Makerspace complex will transform center of campus

A. Sue Weisler

The SHED, scheduled to open in fall 2023, will embody RIT’s focus on technology, the arts, and design.

The largest construction project on the RIT campus in more than 50 years remains on track to open in fall 2023.

When complete, the Student Hall for Exploration and Development (SHED), a high-tech complex that will centralize the university’s makerspace and performing arts, will cover more than 120,000 square feet of new construction as well as more than 83,000 square feet of renovations in two existing buildings, said James Yarrington, RIT university architect and director of Planning and Design Services.

The SHED is intended to facilitate collaboration among students on project teams, in performing arts groups, and among those who use the makerspaces. The building will house individual rehearsal spaces, a large dance instruction studio, and a music rehearsal studio. Instructional space within the complex will create 27 new classrooms and 1,500 additional seats.

The Sklarsky Glass Box Theater will seat up to 180 people for experimental performances and various exhibits. The theater is the result of a $2.5 million gift from alumnus and trustee Frank Sklarsky ’78 (business administration accounting) and his wife, Ruth. The theater will be reconfigurable to control the light entering the facility.

RIT President David Munson envisions the building as a creative hub that will capture the spirit of the Imagine RIT: Creativity and Innovation Festival. The facility will showcase technology, the arts, and design in one central place and capture what makes RIT special.
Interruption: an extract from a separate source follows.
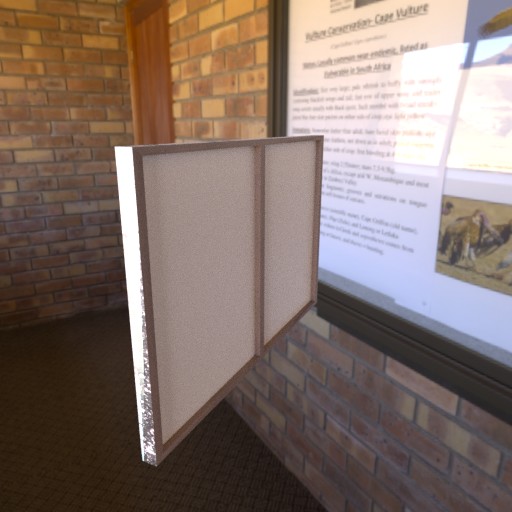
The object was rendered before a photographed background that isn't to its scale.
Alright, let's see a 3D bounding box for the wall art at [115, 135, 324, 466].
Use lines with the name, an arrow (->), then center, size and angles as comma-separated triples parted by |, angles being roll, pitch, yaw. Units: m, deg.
wall art -> 0.000, 0.000, 1.170 | 0.038, 0.598, 0.919 | 8, 18, 26

“The SHED will be the place where prospective students and their parents will stop by and, in just five or 10 minutes, say, ‘Oh, this is RIT,’ and see that it is different from almost every other institution,” Munson said. “They will see students working together on projects and studying together in other parts of the facilities. They are going to see a lot of people carrying musical instruments around and there will be performances and making of all different types. There is no other university that has this type of integrated facility.”

Total construction costs of the largest undertaking since the campus opened in 1968 will exceed $100 million. The project is funded in part by $17.5 million from RIT trustee and 2009 alumnus Austin McChord’s gift, as well as financing through the Dormitory Authority of the State of New York.

Boston-based William Rawn Associates Architects Inc. designed the SHED, and Rochester firm HBT Architects—the architect of record—is handling construction details. HBT created the new design for Wallace Library, one of the existing buildings under construction.

Renovations to Wallace will open up the entrance and first floor with seating and browsing collections and relocate the new circulation desk between the library and the SHED proper. Each floor of the library will flow into the SHED and create a new traffic pattern that will wind through the new Cary Graphic Arts Collection suite and past the RIT Press on the second floor. The renovated RIT Archive space on the third floor will also gain greater exposure to visitors.

“There will be portals cut into the side of Wallace from every floor,” Munson said. “They won’t be just doors but large portals, and so Wallace and the new construction are going to feel somewhat like one building.”

The SHED’s footprint reaches into Monroe Hall with renovations that will include a gallery dedicated to RIT’s partnership with the Genesee Country Village & Museum.

The exhibition space will showcase research and scholarship from the university-wide partnership. Funding for the gallery comes from the Philip K. Wehrheim RIT-GCV&M Endowed Partnership Fund.